桃子が来てからというもの、桃子のご飯を作るため、メキメキと料理の腕を上げていった。

そして今回は桃子のためにケーキを作り上げたのだ。

青葉が作ったケーキを食べながら、みんなは誕生日プレゼントを桃子に渡す。

4人は悩みに悩んで選んだ。

10歳になる女の子は何が欲しいのか、色々調べ得た結果·····


黒神はぬいぐるみ
白洲はくし、ヘアクリップ、ヘアゴムセット
赤宮はゲーム機
青葉はお絵描きセット

を綺麗に包んだ状態で桃子に渡した。


「·····」

桃子はプレゼントを見て黙ってしまった。

そして黒神達の方を向いて首を傾げた。

「誕生日プレゼントだ」

黒神が教えてあげる

「誕生日·····プレゼント?」

桃子は誕生日に一度もプレゼントをもらったことがなかった。

そのため、誕生日にプレゼントをもらえることを知らなかった。

「そうだ。
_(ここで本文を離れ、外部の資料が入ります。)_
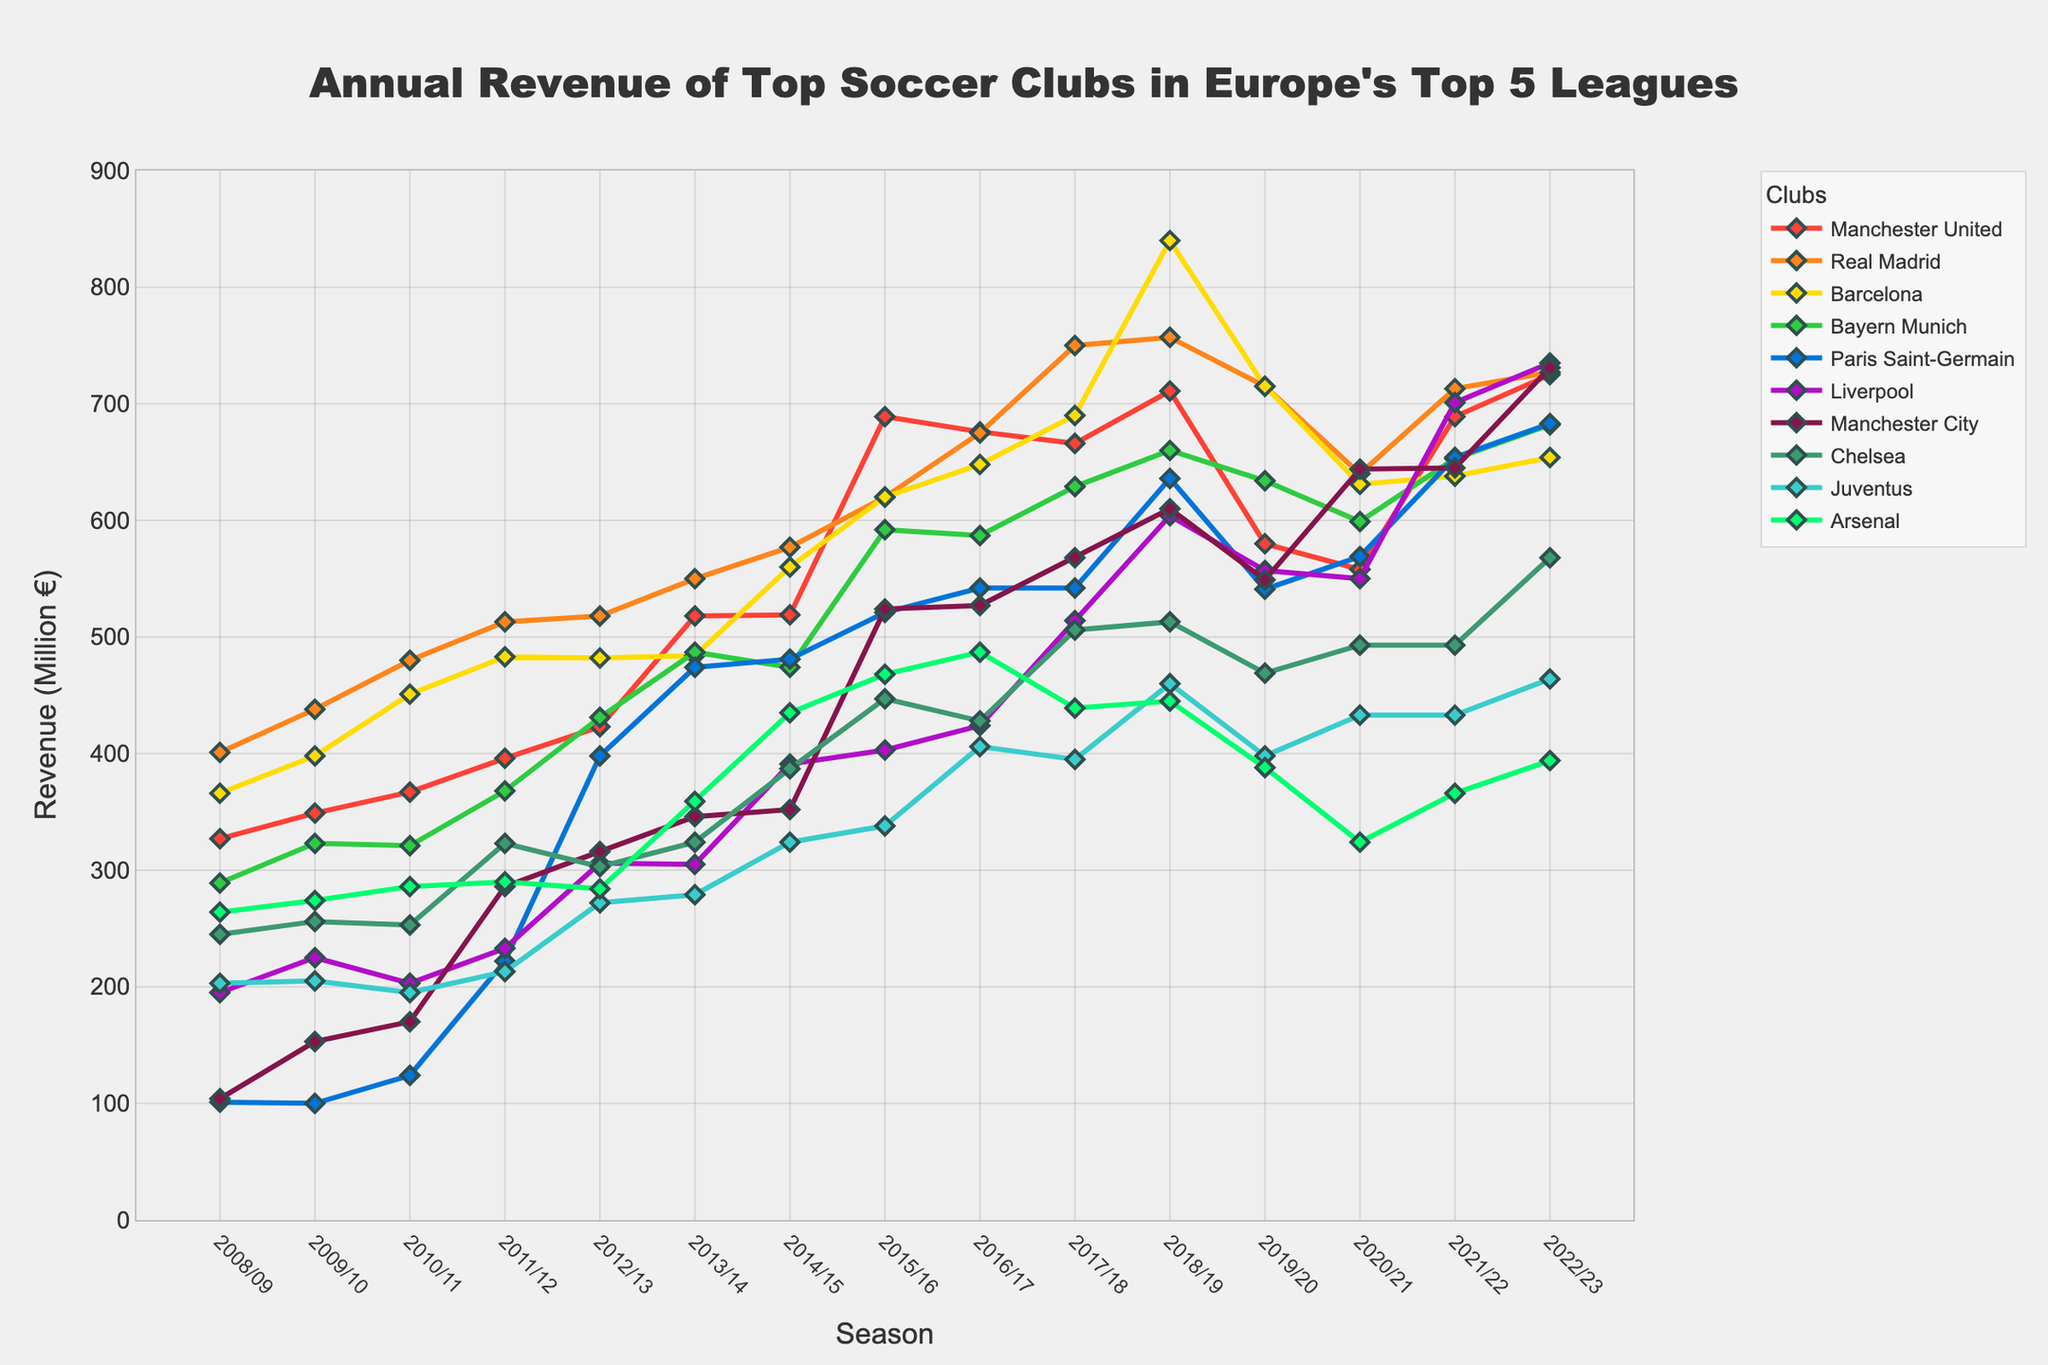Which soccer club had the highest annual revenue in the 2022/23 season? The highest line on the far right of the chart corresponds to the club with the highest revenue in the 2022/23 season. Paris Saint-Germain is at the top.
Answer: Paris Saint-Germain How did the revenue of Manchester United change from the 2008/09 season to the 2022/23 season? Look at the line representing Manchester United (distinguishable by a specific color) from the first to the last data point. The revenue increased from 327 million to 725 million euros.
Answer: Increased Which clubs had a drop in annual revenue between the 2018/19 season and the 2019/20 season? Compare the positions of the lines for each club between 2018/19 and 2019/20. The lines that descend in this period represent a drop. Manchester City, Real Madrid, Barcelona, Bayern Munich, Paris Saint-Germain, Chelsea, Juventus, and Arsenal all show a decrease.
Answer: Manchester City, Real Madrid, Barcelona, Bayern Munich, Paris Saint-Germain, Chelsea, Juventus, Arsenal Which club has shown a consistent increase in revenue over the past 15 seasons? Look for the line that moves consistently upward, without significant drops, across all the seasons. Paris Saint-Germain shows a consistent increase.
Answer: Paris Saint-Germain What is the average annual revenue of Juventus from the 2015/16 season to the 2022/23 season? Sum the revenues of Juventus from 2015/16 to 2022/23 (338 + 406 + 395 + 460 + 398 + 433 + 433 + 464) and divide by the number of seasons (8). Sum = 3327, so the average is 3327/8 = 415.875 million euros.
Answer: 415.875 million euros During the 2019/20 season, which club had the lowest revenue, and what was the amount? Find the lowest point on the graph for the 2019/20 season. Arsenal had the lowest revenue with 388 million euros.
Answer: Arsenal, 388 million euros How much more revenue did Liverpool generate in the 2022/23 season compared to the 2008/09 season? Subtract Liverpool's revenue in 2008/09 from its revenue in 2022/23 (735 - 195). The difference is 540 million euros.
Answer: 540 million euros Between the seasons 2017/18 and 2018/19, which club had the largest increase in revenue? Identify the line with the steepest upward movement between these two seasons. Barcelona shows the steepest rise from 690 to 840 million euros.
Answer: Barcelona What is the overall trend in revenue for Arsenal from the 2008/09 season to the 2022/23 season? Observe the line for Arsenal across all seasons. The trend shows fluctuations but an overall decrease from 264 to 394 million euros.
Answer: Decrease In the 2020/21 season, which clubs had similar revenues? Identify lines that are closely together during the 2020/21 season. Manchester City and Liverpool both had similar revenues around 644 and 550 million euros respectively.
Answer: Manchester City, Liverpool

受け取ってくれるか?」
「·····うん!ありがとう!」


『“大嫌い”』な誕生日が

『“大好き”』な誕生日に変わっていく瞬間。


この日は桃子にとって、忘れられない1日となったに違いない。


桃子の誕生日以降、桃子はちゃんと喋るようになった。

喋ってくれるのが嬉しくてみんなは桃子といろんな話をするようになった。

そしてついにみんなのことをあだ名で呼ぶようになった。

白洲零のことを「しーちゃん」
赤宮幸助のことを「みーや」
青葉健人を「あおちゃん」
そして黒神蓮を「れんくん」と呼ぶ。


「何それ·····」

「めっちゃ可愛い!俺みーや?俺だけ呼び捨てか!いいな!」

と赤宮は嬉しそうに桃子の頭をワシャワシャ撫でる。

「しーちゃんか、初めて言われたな」

「あおちゃん、小さい頃のあだ名·····」

白洲も青葉も独り言のように呟いていた。
  
そして部下達は黒神のことを『れんくん』と呼ぶことに最初こそヒヤヒヤしていたが、黒神は怒ったり、治すように指摘をしなかった。

むしろ自分だけ名前で特別感があって喜んでいた。
その様子を見て部下達はホッとする。